We will miss the weenie roasts at Camp Zion. 

Our Life Group will go on without us. 

The boys' forts and tree houses they have built might be gone when we return.

Our friends will be making memories we will not be a part of. 

My nephew will come home from Ethiopia and I won't be at the airport to greet him, much less know him. 

Friends are bringing home adopted children who will not have a relationship with our family, and I thought our kids would grow up together. 

We will miss the annual Family Reunion and the Duck Race on the River.

Our family holidays will not be celebrated with our entire family - just the seven of us.  We will miss acting out the Christmas story, singing Christmas carols, working the Christmas puzzle.

Our boys will miss their school.  Their friends.

I'll miss sharing a cup of coffee with a friend and talking about life.

I'll miss our back deck with the birds chirping in the springtime. 

I'll miss the ease of a talking on the phone to friends and family in the same time zone. 

I'll miss marshmallows, Reese Pieces, and Dr.
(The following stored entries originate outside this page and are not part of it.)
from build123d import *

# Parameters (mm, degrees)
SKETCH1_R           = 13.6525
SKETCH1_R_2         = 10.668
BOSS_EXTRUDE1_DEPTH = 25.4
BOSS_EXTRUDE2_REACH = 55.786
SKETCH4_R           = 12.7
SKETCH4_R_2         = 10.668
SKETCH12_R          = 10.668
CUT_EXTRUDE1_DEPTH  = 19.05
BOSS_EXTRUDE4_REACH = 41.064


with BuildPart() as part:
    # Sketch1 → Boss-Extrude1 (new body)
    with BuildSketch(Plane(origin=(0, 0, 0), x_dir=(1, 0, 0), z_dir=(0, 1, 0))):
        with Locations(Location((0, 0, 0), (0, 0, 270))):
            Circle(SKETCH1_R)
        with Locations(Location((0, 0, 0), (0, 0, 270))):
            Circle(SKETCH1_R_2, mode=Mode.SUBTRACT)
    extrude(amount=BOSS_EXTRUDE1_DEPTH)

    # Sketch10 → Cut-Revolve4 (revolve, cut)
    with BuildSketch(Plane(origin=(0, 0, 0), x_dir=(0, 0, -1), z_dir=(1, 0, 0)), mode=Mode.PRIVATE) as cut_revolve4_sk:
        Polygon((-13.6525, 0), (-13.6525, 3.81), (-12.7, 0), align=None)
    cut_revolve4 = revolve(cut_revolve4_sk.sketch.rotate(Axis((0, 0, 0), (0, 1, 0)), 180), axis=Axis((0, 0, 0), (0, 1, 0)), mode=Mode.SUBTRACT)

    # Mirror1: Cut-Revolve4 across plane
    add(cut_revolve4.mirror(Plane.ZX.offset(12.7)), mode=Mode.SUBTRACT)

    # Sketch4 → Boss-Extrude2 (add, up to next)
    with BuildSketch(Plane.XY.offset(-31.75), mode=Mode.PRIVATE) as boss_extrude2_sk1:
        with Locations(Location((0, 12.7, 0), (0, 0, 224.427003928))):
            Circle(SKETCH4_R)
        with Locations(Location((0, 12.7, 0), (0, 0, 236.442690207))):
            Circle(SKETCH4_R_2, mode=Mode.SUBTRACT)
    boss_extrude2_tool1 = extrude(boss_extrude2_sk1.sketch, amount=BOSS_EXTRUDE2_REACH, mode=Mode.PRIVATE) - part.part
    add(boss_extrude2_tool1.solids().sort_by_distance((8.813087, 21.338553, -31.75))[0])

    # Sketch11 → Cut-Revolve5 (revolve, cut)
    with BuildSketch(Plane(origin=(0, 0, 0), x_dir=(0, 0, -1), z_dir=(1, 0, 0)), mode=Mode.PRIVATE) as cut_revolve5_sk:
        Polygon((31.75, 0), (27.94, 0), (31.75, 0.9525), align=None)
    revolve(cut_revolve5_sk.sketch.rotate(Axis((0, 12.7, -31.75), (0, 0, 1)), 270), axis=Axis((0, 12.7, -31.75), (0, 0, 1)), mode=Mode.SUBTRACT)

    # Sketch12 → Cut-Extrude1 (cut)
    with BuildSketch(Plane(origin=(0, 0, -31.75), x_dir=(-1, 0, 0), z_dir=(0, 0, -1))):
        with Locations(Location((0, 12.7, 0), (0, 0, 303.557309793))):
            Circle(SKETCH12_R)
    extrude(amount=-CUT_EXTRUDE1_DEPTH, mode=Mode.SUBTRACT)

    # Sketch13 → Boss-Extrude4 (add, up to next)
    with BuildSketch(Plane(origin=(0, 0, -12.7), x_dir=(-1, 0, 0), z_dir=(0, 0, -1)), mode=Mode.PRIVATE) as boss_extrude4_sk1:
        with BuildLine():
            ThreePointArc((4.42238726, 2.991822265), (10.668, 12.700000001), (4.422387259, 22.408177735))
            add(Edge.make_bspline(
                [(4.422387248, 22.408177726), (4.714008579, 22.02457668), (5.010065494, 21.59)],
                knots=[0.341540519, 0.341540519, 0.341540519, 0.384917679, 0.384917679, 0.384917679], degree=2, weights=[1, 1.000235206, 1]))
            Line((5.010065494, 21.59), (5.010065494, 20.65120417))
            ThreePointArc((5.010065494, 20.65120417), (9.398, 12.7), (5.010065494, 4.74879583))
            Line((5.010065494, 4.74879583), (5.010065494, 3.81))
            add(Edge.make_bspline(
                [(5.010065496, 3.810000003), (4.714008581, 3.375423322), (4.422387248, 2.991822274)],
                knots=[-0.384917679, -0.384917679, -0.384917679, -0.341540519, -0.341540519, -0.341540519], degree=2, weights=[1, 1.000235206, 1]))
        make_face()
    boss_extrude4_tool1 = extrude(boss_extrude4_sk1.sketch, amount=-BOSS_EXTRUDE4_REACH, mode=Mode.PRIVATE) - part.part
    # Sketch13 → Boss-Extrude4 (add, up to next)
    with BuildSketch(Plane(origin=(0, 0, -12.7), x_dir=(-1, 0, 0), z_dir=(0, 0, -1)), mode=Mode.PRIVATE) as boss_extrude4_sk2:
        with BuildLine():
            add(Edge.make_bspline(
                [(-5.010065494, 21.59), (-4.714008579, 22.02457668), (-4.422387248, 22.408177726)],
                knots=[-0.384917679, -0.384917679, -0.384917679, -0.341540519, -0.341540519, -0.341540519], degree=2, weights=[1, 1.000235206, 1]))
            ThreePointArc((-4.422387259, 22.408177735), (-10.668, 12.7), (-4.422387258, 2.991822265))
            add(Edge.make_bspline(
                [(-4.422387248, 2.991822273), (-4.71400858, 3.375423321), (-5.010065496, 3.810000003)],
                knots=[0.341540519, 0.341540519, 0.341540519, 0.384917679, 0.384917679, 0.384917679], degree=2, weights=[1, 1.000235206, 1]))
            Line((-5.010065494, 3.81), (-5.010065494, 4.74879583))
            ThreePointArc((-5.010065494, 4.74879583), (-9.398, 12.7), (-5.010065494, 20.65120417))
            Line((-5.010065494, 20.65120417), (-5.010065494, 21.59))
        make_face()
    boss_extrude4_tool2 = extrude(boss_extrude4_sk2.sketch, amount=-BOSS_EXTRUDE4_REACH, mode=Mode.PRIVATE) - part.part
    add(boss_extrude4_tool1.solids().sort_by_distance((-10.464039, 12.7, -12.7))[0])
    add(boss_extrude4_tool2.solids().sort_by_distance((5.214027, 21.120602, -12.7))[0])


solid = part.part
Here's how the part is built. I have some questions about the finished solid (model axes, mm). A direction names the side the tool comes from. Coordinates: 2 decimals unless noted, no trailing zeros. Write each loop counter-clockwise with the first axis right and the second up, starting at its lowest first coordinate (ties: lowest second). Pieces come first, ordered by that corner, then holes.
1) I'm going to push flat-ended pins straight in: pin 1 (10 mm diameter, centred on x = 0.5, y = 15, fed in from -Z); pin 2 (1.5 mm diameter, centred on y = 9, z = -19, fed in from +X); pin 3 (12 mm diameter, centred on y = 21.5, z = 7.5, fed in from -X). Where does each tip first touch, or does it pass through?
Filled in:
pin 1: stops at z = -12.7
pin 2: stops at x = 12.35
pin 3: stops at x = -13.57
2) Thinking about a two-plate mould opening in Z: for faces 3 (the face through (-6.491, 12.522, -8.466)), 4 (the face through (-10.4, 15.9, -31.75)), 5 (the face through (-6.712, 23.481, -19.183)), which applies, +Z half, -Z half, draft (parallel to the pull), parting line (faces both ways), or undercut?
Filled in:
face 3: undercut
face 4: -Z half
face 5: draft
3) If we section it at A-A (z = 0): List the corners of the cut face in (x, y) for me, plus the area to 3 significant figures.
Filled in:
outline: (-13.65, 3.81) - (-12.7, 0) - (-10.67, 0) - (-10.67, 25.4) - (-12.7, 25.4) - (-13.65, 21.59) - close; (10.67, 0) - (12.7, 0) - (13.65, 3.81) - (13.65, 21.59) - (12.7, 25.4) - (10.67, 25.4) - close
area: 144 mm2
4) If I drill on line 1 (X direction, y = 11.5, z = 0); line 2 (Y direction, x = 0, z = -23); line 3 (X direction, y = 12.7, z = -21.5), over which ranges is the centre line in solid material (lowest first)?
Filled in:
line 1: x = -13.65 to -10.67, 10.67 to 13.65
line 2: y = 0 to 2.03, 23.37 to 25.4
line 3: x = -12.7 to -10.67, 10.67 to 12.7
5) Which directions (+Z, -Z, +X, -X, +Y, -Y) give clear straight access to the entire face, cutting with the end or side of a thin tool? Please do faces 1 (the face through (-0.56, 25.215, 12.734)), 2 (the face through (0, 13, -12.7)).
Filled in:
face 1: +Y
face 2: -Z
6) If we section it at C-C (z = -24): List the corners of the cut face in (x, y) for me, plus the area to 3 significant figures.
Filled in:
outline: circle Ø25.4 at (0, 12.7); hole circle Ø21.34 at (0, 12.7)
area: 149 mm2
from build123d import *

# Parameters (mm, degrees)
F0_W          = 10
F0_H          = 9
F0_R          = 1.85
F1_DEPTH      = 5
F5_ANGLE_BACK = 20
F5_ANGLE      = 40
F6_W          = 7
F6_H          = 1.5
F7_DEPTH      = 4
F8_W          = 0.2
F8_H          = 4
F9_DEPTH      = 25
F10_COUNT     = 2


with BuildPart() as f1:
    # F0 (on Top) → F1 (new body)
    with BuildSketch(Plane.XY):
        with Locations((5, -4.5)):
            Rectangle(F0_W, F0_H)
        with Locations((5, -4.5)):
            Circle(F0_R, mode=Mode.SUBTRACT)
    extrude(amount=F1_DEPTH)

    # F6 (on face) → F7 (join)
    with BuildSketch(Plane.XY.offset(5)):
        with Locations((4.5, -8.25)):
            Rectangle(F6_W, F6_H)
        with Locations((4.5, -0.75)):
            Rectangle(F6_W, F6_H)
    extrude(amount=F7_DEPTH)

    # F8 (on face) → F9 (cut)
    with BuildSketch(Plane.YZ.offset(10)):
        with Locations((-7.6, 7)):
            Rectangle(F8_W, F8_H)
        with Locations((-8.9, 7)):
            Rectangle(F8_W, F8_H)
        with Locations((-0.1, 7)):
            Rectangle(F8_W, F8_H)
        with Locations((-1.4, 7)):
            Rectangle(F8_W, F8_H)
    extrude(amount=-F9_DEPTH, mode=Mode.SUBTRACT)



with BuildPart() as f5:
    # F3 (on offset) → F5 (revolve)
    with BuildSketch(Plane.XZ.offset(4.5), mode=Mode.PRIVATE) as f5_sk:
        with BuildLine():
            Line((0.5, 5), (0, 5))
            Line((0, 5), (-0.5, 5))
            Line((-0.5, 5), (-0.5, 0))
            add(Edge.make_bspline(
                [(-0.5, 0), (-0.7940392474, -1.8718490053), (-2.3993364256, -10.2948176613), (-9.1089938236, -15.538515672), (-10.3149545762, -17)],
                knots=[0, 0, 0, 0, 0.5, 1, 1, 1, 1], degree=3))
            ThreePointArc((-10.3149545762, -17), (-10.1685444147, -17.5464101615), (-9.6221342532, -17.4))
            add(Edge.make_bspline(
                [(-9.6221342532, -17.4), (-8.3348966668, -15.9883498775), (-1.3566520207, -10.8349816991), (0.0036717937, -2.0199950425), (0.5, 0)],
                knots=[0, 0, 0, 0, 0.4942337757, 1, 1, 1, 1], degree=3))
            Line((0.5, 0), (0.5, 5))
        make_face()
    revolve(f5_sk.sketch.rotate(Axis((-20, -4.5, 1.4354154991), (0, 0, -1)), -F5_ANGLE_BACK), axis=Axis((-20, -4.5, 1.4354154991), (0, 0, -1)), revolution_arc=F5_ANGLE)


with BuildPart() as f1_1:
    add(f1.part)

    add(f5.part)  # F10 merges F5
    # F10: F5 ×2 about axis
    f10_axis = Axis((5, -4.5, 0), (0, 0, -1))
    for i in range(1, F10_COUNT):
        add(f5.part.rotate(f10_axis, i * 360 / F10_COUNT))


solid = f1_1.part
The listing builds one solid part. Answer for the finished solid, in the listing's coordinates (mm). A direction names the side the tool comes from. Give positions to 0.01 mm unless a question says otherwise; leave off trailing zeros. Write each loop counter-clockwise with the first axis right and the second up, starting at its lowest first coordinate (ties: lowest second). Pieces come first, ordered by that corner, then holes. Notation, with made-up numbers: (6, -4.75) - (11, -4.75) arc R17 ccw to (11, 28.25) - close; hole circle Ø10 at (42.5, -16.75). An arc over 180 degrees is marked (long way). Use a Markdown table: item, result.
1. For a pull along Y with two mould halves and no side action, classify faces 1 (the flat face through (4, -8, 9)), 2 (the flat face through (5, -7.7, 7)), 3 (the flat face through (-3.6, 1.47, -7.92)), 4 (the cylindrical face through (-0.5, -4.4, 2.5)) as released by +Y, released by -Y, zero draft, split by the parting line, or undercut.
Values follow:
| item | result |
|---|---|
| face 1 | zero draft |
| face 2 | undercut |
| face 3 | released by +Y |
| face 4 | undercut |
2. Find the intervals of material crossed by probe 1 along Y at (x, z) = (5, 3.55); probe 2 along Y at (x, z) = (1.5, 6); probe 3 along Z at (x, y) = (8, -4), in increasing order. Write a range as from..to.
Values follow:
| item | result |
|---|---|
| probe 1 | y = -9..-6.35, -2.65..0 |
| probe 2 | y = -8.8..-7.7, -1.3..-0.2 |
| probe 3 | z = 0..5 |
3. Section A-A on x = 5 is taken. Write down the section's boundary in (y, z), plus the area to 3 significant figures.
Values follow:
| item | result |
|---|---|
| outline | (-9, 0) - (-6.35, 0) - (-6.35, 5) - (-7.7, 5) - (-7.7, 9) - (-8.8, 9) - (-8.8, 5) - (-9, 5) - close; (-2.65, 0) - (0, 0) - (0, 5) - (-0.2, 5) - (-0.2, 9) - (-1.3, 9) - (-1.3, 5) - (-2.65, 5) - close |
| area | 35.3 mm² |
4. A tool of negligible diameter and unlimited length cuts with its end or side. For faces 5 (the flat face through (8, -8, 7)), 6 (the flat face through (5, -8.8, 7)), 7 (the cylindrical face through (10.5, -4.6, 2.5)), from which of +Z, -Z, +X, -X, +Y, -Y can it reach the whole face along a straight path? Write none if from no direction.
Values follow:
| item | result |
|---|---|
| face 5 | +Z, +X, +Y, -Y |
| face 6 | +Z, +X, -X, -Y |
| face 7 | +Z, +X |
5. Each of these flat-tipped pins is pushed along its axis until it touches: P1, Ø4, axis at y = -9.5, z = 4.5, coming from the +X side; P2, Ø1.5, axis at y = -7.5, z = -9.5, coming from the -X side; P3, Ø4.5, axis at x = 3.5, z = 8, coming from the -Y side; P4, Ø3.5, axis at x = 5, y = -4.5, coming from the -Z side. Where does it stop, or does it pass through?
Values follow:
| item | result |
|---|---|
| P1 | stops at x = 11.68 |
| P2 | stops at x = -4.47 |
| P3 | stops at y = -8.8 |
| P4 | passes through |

Pepper. 

I'll miss hot showers, drinking water from the faucet, and easy computer access.

I'll miss the laughter of friends and the voices I would recognize anywhere.

Etc.  Etc.  Etc.  It's too much to list.

Why do we need to recognize all of this?  Why do we need to "feel" it?

Grieving needs to happen for us.  We are encouraged to step into it instead of stuffing it down.  The reality of the impact to GO can shake us.  BUT, it doesn't.  It can't.  We need to grieve some now and some later.  It will be a process.  A process that's beginning in the depths of my soul tonight.

While these things hurt deeply, we are excited to GO.  God is going before us.  He will somehow meet us in our tears and redeem them.  

God's world is much larger than what we see and experience in our daily life.  Even with all of the things we will miss, grieve and long for once we are on the ground in Ghana, God's world is so much bigger.  These are small gifts from my life to lay at his feet. 

Embracing the pain in anticipation of the JOY of witnessing Him work makes it worth it.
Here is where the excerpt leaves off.